Stored items from a collection:
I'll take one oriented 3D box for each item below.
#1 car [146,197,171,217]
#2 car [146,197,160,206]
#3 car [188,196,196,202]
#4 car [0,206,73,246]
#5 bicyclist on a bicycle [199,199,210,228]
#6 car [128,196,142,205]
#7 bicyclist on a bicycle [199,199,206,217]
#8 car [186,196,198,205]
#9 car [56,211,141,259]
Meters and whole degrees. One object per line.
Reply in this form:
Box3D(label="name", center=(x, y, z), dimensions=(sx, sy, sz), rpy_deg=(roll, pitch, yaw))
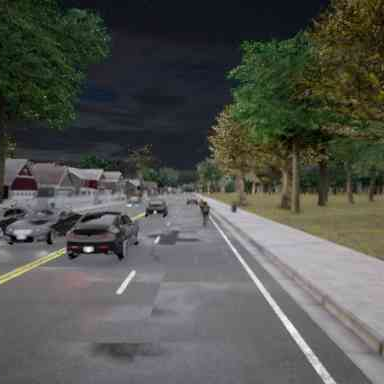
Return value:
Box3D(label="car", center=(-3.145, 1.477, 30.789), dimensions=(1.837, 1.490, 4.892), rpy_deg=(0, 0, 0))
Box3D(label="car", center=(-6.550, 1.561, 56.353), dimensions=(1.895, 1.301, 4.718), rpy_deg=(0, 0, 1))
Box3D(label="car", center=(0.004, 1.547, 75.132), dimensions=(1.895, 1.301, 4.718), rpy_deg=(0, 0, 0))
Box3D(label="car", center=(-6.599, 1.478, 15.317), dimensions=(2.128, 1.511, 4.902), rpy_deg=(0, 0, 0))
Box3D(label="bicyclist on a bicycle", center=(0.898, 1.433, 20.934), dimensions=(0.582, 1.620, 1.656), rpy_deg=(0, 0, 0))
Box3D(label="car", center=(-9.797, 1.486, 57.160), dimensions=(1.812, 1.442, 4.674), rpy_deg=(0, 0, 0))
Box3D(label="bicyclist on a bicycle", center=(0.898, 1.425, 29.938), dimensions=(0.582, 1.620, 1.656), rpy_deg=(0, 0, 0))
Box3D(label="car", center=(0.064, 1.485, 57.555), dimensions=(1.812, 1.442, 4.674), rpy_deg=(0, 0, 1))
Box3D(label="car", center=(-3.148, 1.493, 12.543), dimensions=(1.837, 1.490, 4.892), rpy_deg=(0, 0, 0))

* * *

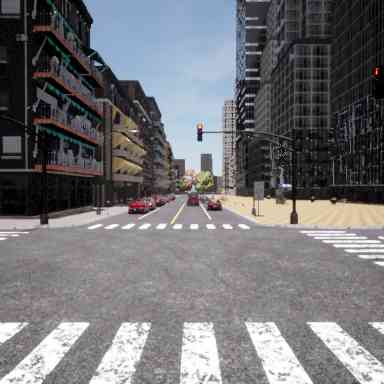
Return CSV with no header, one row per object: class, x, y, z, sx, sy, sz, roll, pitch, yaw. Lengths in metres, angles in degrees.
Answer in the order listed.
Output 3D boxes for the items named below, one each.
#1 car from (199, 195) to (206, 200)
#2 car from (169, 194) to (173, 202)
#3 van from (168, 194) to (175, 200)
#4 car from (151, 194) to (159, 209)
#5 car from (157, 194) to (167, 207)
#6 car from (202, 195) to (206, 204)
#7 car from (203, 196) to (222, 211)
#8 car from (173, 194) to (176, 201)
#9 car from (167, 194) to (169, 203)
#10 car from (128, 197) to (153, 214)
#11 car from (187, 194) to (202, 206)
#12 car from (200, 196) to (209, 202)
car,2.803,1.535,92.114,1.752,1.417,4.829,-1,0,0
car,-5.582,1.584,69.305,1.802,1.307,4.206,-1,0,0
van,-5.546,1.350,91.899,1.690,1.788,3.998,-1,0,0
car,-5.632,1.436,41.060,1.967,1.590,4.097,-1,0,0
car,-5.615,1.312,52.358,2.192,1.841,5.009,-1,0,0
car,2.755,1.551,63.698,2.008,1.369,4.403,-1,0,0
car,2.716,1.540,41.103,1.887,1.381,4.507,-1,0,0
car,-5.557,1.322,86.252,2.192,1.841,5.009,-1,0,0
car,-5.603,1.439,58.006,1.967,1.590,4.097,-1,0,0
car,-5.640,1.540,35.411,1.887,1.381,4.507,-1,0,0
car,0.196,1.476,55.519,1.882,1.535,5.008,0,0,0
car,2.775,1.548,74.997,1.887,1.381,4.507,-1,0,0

* * *

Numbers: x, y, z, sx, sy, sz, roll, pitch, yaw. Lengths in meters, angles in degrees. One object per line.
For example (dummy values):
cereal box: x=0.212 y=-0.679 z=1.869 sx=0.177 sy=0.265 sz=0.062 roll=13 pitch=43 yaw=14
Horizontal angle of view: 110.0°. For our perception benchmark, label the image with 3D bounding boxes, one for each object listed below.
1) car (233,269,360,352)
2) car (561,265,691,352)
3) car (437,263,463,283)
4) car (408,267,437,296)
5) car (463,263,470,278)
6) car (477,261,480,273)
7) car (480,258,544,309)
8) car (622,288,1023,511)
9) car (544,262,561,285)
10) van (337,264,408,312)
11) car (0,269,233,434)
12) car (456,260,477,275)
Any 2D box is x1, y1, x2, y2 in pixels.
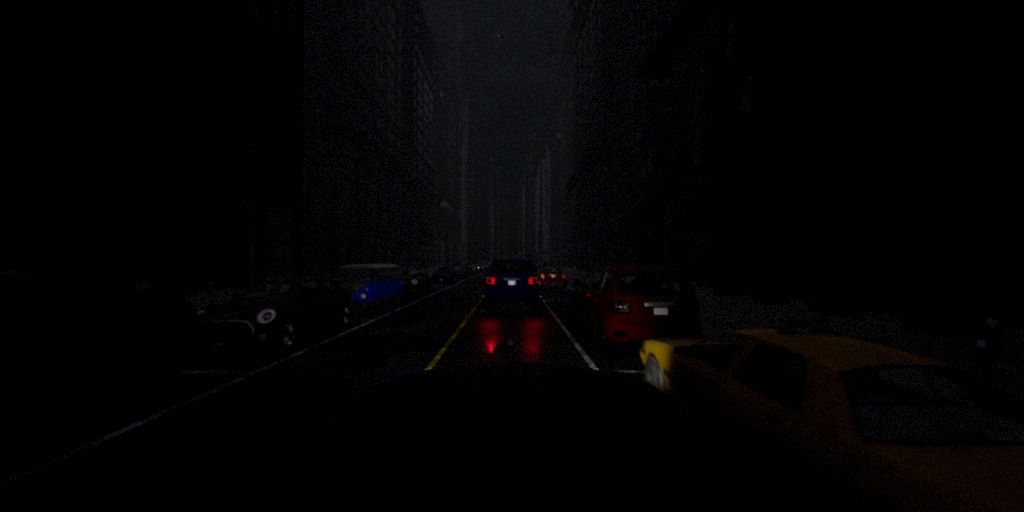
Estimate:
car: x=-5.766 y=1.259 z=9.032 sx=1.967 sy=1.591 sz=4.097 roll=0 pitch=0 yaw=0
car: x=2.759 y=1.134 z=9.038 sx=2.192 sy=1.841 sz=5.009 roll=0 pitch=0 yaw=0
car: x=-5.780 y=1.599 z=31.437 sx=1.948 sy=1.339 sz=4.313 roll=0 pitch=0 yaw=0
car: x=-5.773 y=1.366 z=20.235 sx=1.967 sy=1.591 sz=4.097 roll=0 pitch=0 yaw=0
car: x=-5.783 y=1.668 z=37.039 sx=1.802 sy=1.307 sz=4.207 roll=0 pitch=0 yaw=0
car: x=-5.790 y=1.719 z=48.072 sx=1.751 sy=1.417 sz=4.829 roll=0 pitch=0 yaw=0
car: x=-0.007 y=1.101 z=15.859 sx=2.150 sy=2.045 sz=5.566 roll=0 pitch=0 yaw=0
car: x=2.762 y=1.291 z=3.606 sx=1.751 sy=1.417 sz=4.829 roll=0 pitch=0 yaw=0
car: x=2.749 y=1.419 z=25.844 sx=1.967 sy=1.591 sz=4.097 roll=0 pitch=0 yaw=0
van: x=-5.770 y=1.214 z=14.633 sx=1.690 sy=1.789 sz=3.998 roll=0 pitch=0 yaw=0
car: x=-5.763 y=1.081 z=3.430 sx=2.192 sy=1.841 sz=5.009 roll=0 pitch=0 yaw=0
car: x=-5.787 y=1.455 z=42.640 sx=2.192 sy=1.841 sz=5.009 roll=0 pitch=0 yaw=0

Work order:
In the data above, how many lines hold the string "object"? Give the number by itself.

Solution:
4